**Assignment**
Each line of the data below must be reproduced without any change.

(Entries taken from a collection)
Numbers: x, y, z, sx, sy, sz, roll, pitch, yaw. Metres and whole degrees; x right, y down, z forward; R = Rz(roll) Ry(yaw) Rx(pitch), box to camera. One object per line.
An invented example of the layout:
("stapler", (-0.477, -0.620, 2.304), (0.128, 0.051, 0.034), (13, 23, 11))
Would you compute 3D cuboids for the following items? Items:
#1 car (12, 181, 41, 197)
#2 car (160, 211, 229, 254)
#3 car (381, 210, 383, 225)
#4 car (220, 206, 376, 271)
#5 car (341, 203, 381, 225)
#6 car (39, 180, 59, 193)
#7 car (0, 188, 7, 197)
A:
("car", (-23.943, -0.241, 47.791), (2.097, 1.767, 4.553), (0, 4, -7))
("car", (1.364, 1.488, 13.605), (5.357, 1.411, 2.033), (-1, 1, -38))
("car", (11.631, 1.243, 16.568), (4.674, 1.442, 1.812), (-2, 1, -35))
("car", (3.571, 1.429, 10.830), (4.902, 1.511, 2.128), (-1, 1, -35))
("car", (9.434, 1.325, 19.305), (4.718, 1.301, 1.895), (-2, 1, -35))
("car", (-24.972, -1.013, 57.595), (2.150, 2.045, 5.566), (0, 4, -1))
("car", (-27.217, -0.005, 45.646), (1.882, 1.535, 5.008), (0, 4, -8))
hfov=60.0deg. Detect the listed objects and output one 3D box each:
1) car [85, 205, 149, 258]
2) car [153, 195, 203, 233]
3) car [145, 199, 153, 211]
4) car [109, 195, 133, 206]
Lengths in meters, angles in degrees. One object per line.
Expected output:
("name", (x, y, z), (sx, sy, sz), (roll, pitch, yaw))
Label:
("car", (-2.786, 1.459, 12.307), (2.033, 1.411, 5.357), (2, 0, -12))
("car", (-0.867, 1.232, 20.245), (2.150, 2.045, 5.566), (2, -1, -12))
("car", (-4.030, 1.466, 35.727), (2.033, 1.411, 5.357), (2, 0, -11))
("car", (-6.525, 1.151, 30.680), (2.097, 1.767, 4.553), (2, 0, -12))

**Result for this task**
Numbers: x, y, z, sx, sy, sz, roll, pitch, yaw. Metres and whole degrees; x right, y down, z forward; R = Rz(roll) Ry(yaw) Rx(pitch), box to camera. One object per line.
An invented example of the layout:
("stapler", (-0.477, -0.620, 2.304), (0.128, 0.051, 0.034), (13, 23, 11))
Would you compute 3D cuboids for the following items? Items:
#1 car (12, 181, 41, 197)
#2 car (160, 211, 229, 254)
#3 car (381, 210, 383, 225)
#4 car (220, 206, 376, 271)
#5 car (341, 203, 381, 225)
#6 car (39, 180, 59, 193)
#7 car (0, 188, 7, 197)
A:
("car", (-23.943, -0.241, 47.791), (2.097, 1.767, 4.553), (0, 4, -7))
("car", (1.364, 1.488, 13.605), (5.357, 1.411, 2.033), (-1, 1, -38))
("car", (11.631, 1.243, 16.568), (4.674, 1.442, 1.812), (-2, 1, -35))
("car", (3.571, 1.429, 10.830), (4.902, 1.511, 2.128), (-1, 1, -35))
("car", (9.434, 1.325, 19.305), (4.718, 1.301, 1.895), (-2, 1, -35))
("car", (-24.972, -1.013, 57.595), (2.150, 2.045, 5.566), (0, 4, -1))
("car", (-27.217, -0.005, 45.646), (1.882, 1.535, 5.008), (0, 4, -8))
hfov=60.0deg. Detect the listed objects and output one 3D box each:
1) car [85, 205, 149, 258]
2) car [153, 195, 203, 233]
3) car [145, 199, 153, 211]
4) car [109, 195, 133, 206]
Lengths in meters, angles in degrees. One object per line.
Expected output:
("name", (x, y, z), (sx, sy, sz), (roll, pitch, yaw))
Label:
("car", (-2.786, 1.459, 12.307), (2.033, 1.411, 5.357), (2, 0, -12))
("car", (-0.867, 1.232, 20.245), (2.150, 2.045, 5.566), (2, -1, -12))
("car", (-4.030, 1.466, 35.727), (2.033, 1.411, 5.357), (2, 0, -11))
("car", (-6.525, 1.151, 30.680), (2.097, 1.767, 4.553), (2, 0, -12))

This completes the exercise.